Polyakov's formulation of $2d$ bosonic string theory

TL;DR

This paper rigorously defines and analyzes Polyakov's 2D bosonic string theory using probabilistic methods, establishing convergence results and connecting to Liouville quantum gravity and random planar maps.

Contribution

It provides the first mathematical proof of convergence for string theory partition functions and introduces a non-perturbative probabilistic framework for 2D bosonic strings.

Findings

Proves convergence of Polyakov's partition function for genus ≥ 2 surfaces with D ≤ 1 bosons.

Defines Liouville quantum field theory on Riemann surfaces probabilistically.
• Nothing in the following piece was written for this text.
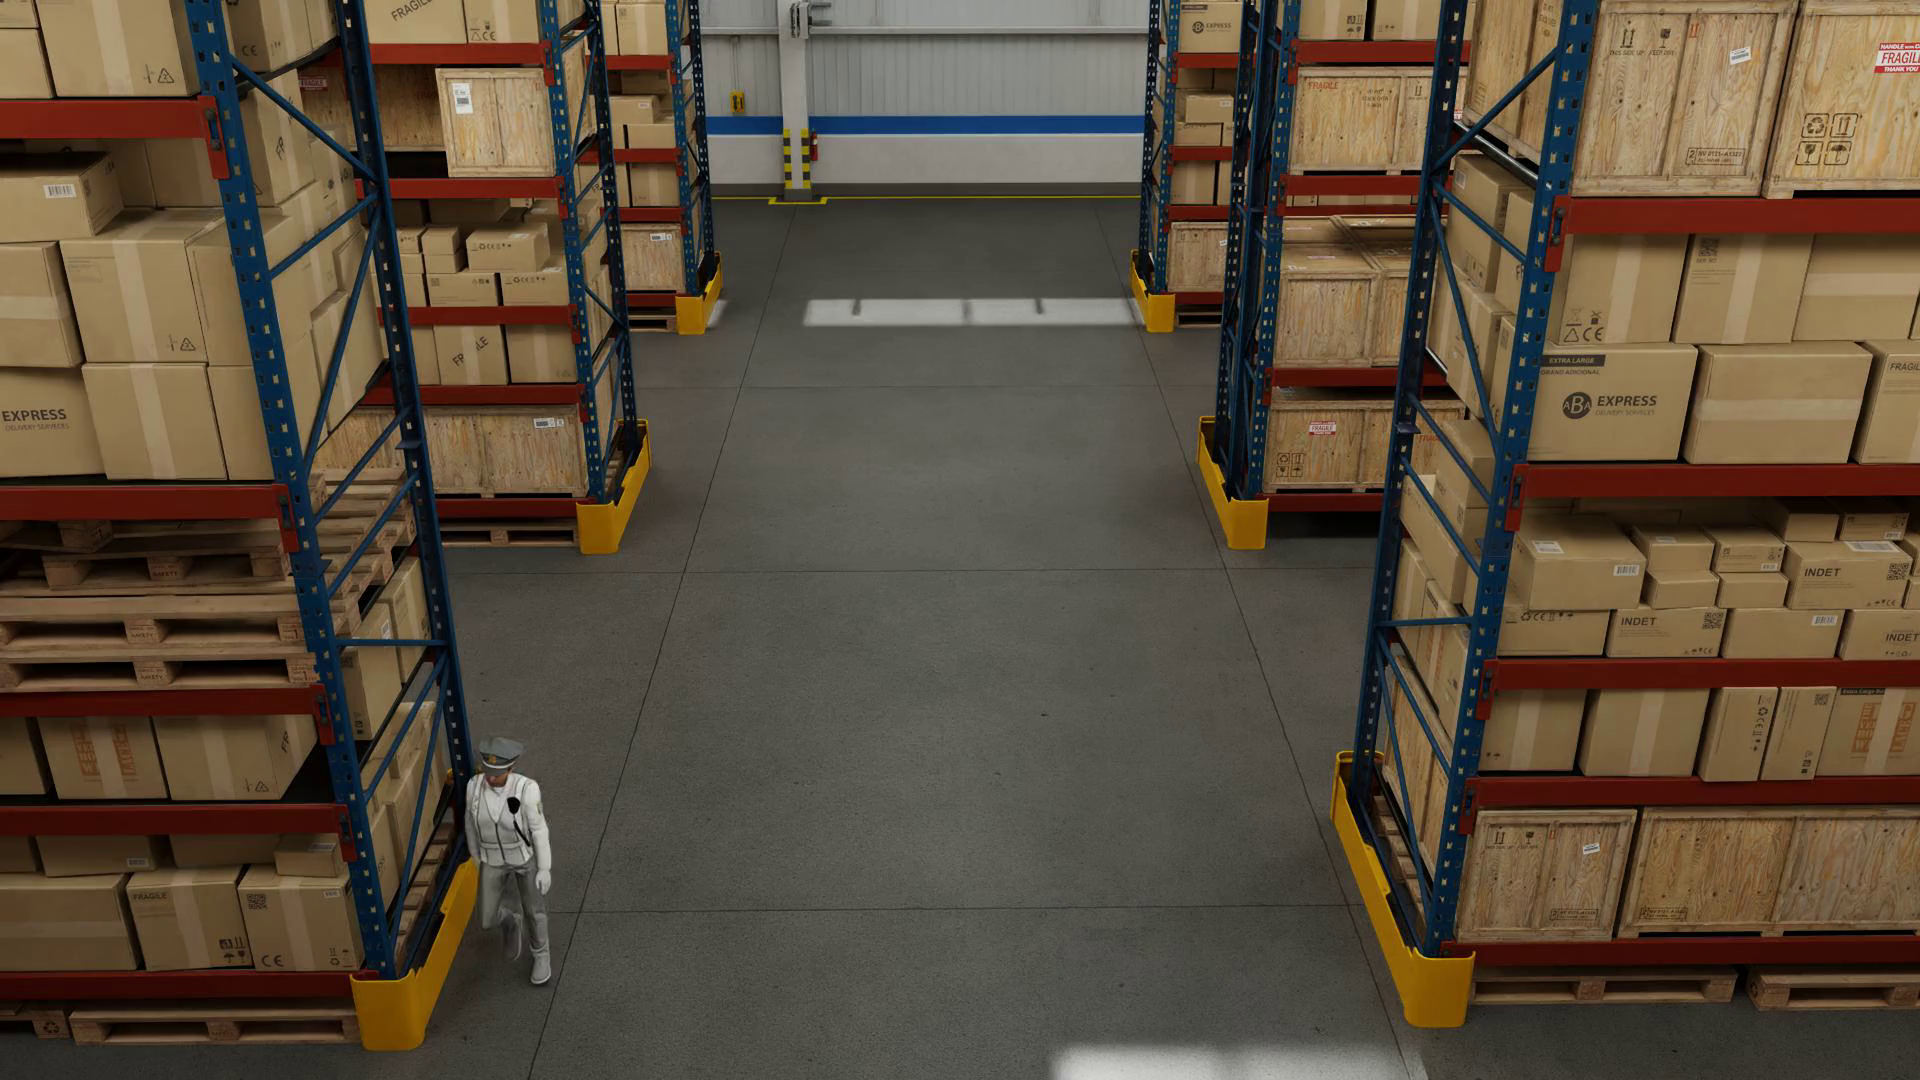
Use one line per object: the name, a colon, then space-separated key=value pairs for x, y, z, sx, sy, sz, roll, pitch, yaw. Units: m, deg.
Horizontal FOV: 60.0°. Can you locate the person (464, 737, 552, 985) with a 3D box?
person: x=-2.668 y=1.896 z=9.883 sx=0.528 sy=1.661 sz=0.453 roll=0 pitch=25 yaw=-1
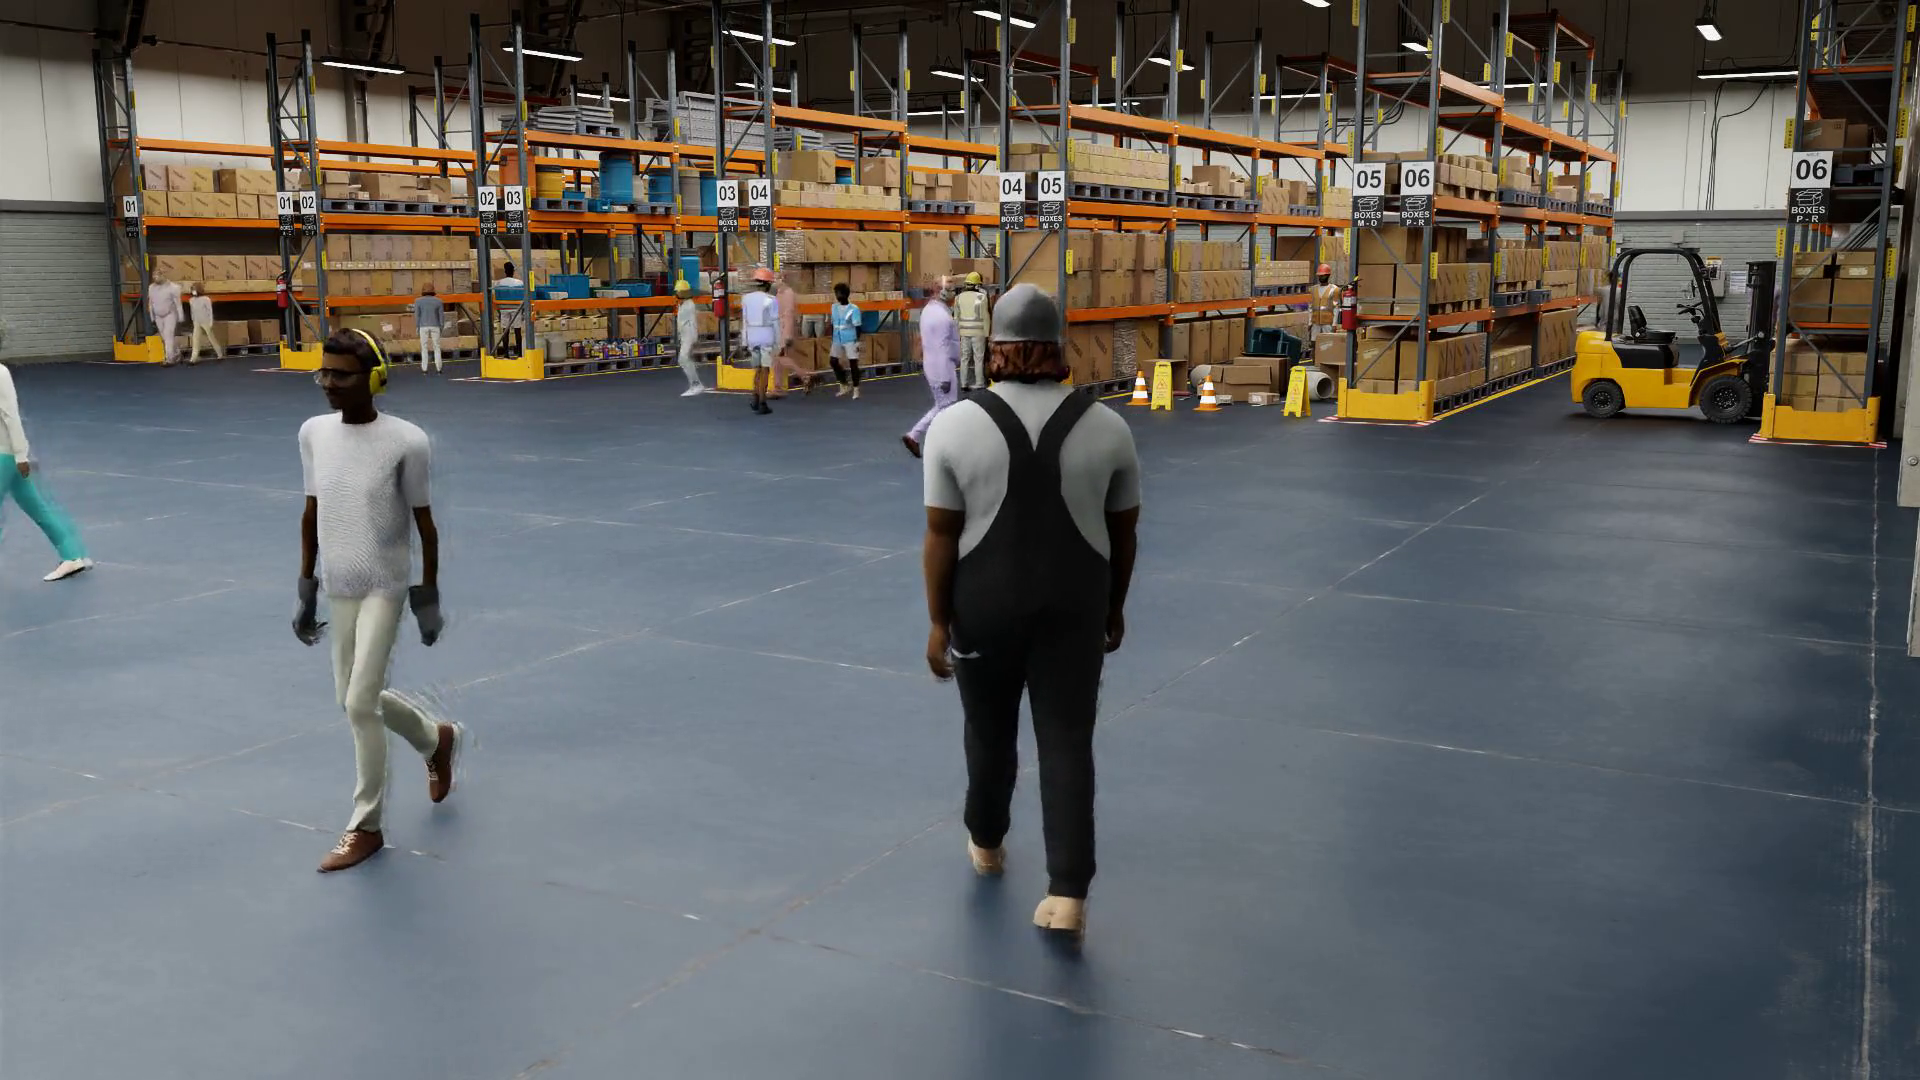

Suggests a connection between string theory scaling limits and random planar maps.

Abstract

Using probabilistic methods, we first define Liouville quantum field theory on Riemann surfaces of genus $\mathbf{g}\geq 2$ and show that it is a conformal field theory. We use the partition function of Liouville quantum field theory to give a mathematical sense to Polyakov's partition function of noncritical bosonic string theory \cite{Pol} (also called $2d$ bosonic string theory) and to Liouville quantum gravity. Then we show the convergence of Polyakov's partition function over the moduli space of Riemann surfaces in genus $\mathbf{g}\geq 2$ in the case of $D\leq 1$ boson. This is done by performing a careful analysis of the behaviour of the partition function at the boundary of moduli space. An essential feature of our approach is that it is probabilistic and non perturbative. The interest of our result is twofold. First, to the best of our knowledge, this is the first mathematical result about convergence of string theories. Second, our construction describes conjecturally the scaling limit of higher genus random planar maps weighted by Conformal Field Theories: we make precise conjectures about this statement at the end of the paper.